Marmosets, lemurs, genets, tamarins and sugar gliders were brought ashore, covertly, and traded from public houses along the Highway. Across the tables of the Old Rose bundles were passed. From under stiff seamen's jerseys, small hot lives were drawn, living hearts. The locals adopted them without certificates or rabies clearance, without quarantine. These tamed
exotics enriched their primal soot. Panicked beasts were drawn down into the dark houses, were petted – or pained – to early death.

But some marmosets broke free: forward-thrusting jaws, bark strippers. They were able to tolerate the hostile temperatures.
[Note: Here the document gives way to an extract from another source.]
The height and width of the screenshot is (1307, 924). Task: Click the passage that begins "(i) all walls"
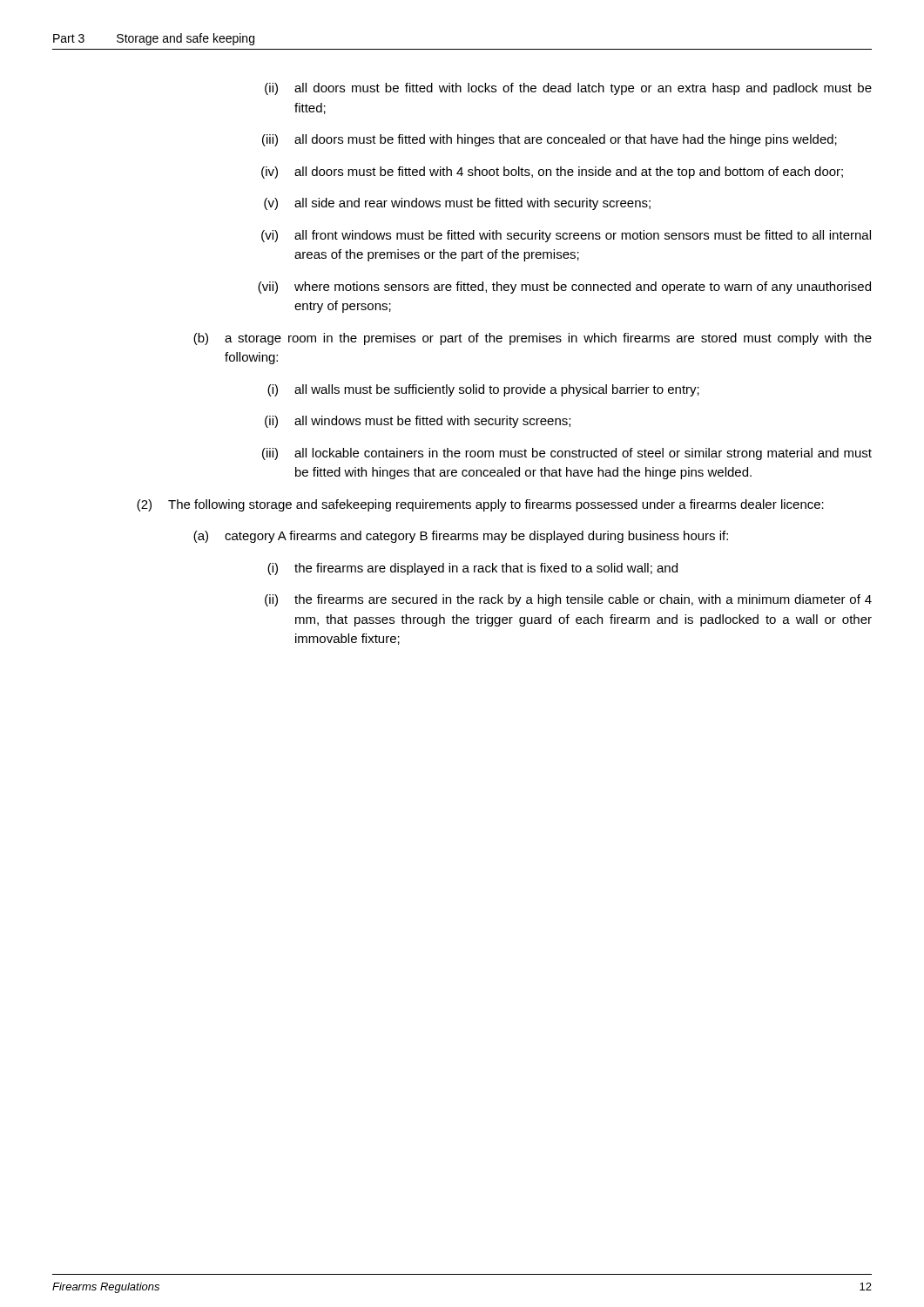549,389
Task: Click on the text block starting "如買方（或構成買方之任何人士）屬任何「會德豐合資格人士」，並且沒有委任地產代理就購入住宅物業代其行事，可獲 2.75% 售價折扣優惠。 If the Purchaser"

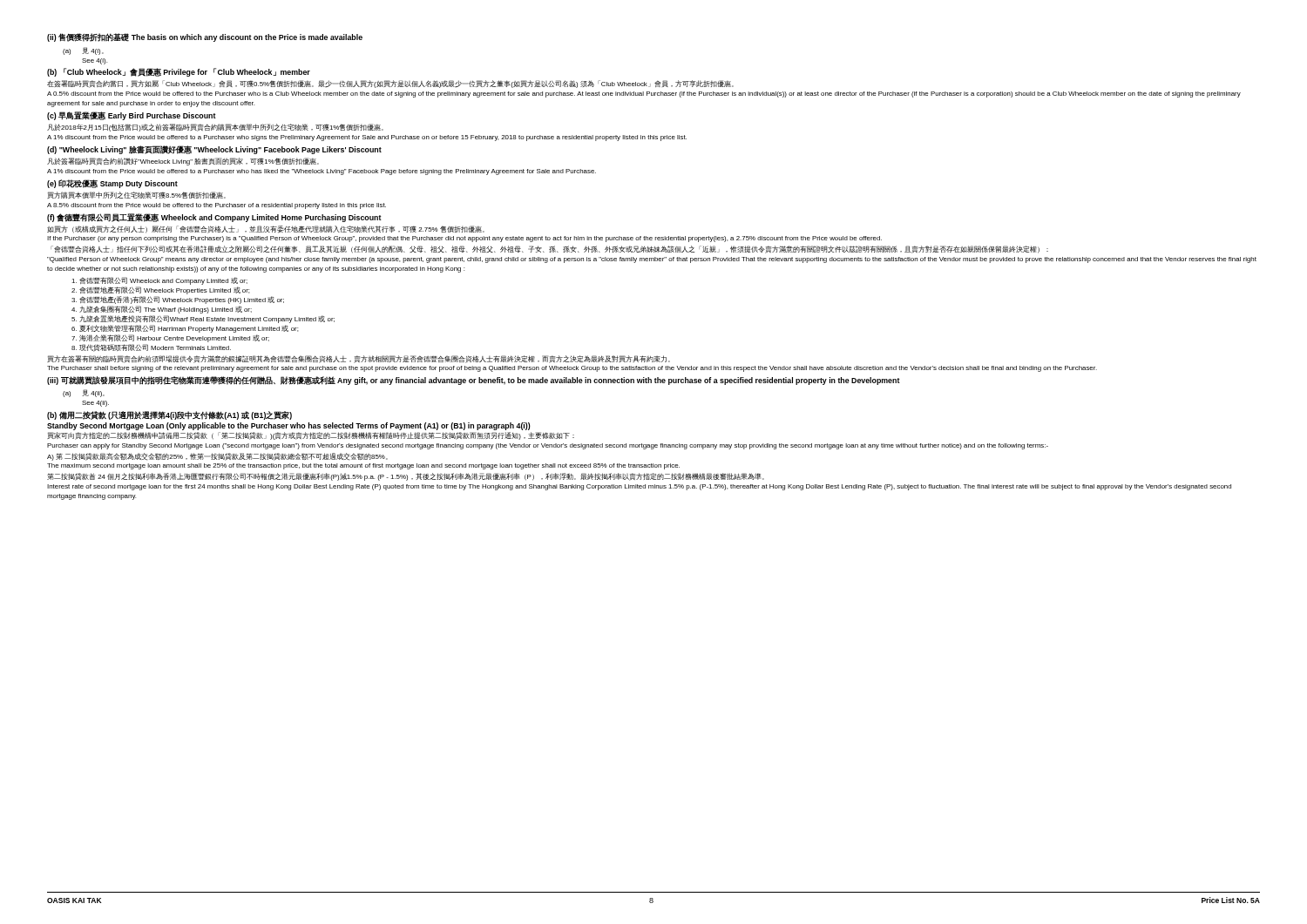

They took cover behind the walls of this graveyard with its fox-mangy London planes, its chestnuts. They cowered among the white blossoms. From the warehouses came the scents of their homeland; from Cinnamon Street, sacked essences. The slow presence of the river chilled their benign hysteria. With their pinched skull-faces and their tufting professorial hair, they resembled a tribe of pygmy Longfords – flinching, purse-lipped from the pain of the world. Delicate human hands fluttered vaporously, or masturbated in absorbed lethargy. The minimum requirement for their survival was a lack of attention. Unseen, they were immortal. And always beneath them, granting them gravity, lay the children of sea captains and merchants: their mouths stopped with shale. Dead daughters, stacked five to the grave, outlasted by some mute father, who will never be able to forgive them their mortality. Bleak histories whose chiselled narratives are fed with lichen. Now, sitting here as the light died, I projected false images of Guiana on to the mustard-colour bricks. I heard the promise of stone cities in their shrill birdlike voices.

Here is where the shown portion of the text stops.